Opening up academic research #
In academia it is common to consider research projects secret until publication. Before publication, academics discuss their ideas only with a select few, under implicit understanding of confidentiality. This has several reasons. Primarily, people are scared of getting scooped, that is, have another research group publish first. This is understandable given that the winner typically takes it all. The credit for ground-breaking work goes to the research group that publishes first, and not the one that made the same discovery independently, but was still busy polishing their work. Besides, researchers—like all people—feel uncomfortable about unfinished work that attracts many critical eyes. “Oh lord, what will my peers think about my terrible thinking?” Even if competition and insecurity were not a concern, time would still be. It is challenging enough to get a paper published, but who can afford to curate online resources on top of that?
The secrecy around research projects has always bothered me greatly. I’m interested in more than just research papers, which are just parts of a research project. I want to study other’s code, learn how they process their data and run their experiments. What’s more, research papers typically only talk about what worked out. They don’t talk about negative results, that is, failed experiments along the way. We can learn just as much, if not more, from what does not work. Finally, many researchers—me included—are funded by public money, which means that it is not only our moral, but our professional duty to make our work as useful to the public as we can. We can do better than just churning out papers, many of which are doomed to deteriorate behind paywalls anyway. As part of my last research projects, I have been experimenting with ways to bring more transparency to my work. By transparency, I mostly mean three aspects.
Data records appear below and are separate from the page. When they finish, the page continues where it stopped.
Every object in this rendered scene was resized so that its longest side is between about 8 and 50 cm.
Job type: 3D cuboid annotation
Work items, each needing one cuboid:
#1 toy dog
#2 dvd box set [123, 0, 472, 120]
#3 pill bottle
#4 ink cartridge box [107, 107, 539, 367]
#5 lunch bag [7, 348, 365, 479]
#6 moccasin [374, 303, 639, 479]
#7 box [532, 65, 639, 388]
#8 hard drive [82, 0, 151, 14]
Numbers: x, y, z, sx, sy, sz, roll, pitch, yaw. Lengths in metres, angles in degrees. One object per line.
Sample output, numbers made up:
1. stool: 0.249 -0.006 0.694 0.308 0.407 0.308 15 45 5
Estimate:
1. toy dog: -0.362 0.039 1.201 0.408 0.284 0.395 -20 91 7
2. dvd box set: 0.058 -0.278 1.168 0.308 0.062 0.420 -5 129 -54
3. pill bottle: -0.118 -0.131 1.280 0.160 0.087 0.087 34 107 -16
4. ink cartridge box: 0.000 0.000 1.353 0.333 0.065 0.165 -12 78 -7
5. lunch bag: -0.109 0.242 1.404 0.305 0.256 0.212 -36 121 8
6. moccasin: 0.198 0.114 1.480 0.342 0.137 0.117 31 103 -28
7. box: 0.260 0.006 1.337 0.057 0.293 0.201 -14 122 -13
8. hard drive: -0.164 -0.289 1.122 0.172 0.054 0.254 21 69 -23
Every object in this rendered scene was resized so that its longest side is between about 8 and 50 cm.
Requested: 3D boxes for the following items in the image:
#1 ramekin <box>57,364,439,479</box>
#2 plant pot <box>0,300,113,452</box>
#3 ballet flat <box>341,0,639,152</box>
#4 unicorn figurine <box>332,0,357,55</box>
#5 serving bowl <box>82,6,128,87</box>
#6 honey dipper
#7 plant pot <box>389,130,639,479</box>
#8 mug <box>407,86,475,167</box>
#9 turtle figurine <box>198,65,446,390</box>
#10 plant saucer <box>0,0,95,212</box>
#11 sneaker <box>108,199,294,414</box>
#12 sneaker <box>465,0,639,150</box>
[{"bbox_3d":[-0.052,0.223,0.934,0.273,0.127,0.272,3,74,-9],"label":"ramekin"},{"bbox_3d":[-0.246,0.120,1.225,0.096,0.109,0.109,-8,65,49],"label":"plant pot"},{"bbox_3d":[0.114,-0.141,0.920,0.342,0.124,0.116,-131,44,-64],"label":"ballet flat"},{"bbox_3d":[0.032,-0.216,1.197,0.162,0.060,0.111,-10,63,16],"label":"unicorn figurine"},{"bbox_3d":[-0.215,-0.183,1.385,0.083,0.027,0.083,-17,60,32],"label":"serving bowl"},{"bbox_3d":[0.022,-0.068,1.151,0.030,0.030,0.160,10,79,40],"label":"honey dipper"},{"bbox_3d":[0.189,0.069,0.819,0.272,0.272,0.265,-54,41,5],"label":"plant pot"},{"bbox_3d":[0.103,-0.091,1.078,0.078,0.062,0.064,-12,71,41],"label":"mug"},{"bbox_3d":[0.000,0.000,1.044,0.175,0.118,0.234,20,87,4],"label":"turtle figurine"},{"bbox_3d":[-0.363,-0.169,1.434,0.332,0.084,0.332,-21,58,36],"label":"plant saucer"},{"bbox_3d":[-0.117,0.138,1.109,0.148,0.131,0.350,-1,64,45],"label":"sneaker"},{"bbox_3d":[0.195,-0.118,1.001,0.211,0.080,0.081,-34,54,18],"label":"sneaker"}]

- I want to enable people to give me early feedback. Numerous flaws in peer-“reviewed” research papers could have been prevented if only the right people would have reviewed a key concept. Diverse feedback can also help me steer my research into a direction that makes it more useful to the world.
- I want people to be able to reproduce my work. That is, reproduce it without having to ask me for data, code, or instructions; reproduce it easily, quickly, and successfully. This is a key aspect of science, and the fact that this is missing so often makes me wonder if the poor status quo in computer science really deserves the word “science” in its name.
- I want my work to be accessible outside academia. It’s 2016, and important scientific advances take place not only in universities or research labs. I feel very strongly that whoever has an interest in my work must be able to get all they need to get started themselves.
Naturally, I don’t have all the answers, but I have experimented with a number of ways to address these three points. First, I try to publish my results early and semi-often. Much of my work is on the Tor anonymity network, so I occasionally post to Tor’s mailing lists to present preliminary findings. There are always some people who point out things I have not considered. Once I have written up my work, I submit a copy to the arXiv, to make my work available to the public as early as possible. In parallel, I submit my work to academic conferences. In my field, most big conferences accept papers that are already published as a technical report. Having lost hope in most academic publishers, I am now also creating open access bibliographies for my work. This helps readers hunt down my references without hitting ACM, IEEE, or Springer paywalls.
Working in computer science, I also deal with a lot of code. I try to make it a habit to publish my code on GitHub, with useful documentation. This has worked reasonably well for projects such as exitmap, and I take great pride in knowing that the tool was useful to other researchers. Needless to say, my code is far from flawless, and any professional software engineer will get a chuckle out of it, but what matters is that it’s available, and it’s free. In fact, the lack of public prototypes for systems research is not just a nuisance; it makes it much harder to reproduce work and verify claims, jeopardising the quality of published research.
The third crucial piece for me, after papers and code, is datasets. I have yet to find a convenient way to organise and publish datasets, which is why I am hosting them myself, including CSVs, text files, and bulky tarballs. There is little structure, but at least I have backups and the data is unlikely to disappear. Summing up, my little experience with bringing more transparency to academic research has taught me the following.
- Don’t be afraid of getting scooped. It’s sad that we have to worry about getting scooped in the first place, but it no longer makes me nervous that fellow researchers—my competition, if you will—get to see my work at an early stage. Quite the opposite, because by publishing early, I am “marking my territory” in a way, hopefully encouraging collaboration instead of competition.
- You might get great feedback. I was lucky to have received great feedback from a lot of clever people—much of it I would not have received from formal peer review. I found the diversity of feedback particularly helpful because it was not just academics that shared their opinion; I also received pull request from software engineers, and usability feedback from users.
- You are helping science. Churning out papers at a frantic pace might be in the interest of advancing your career, but not in the interest of advancing science. We do not need more papers, we need better papers. Papers that benefit the world and can stand the test of time. Taking the time to polish your code, data, and writing is a small step in that direction.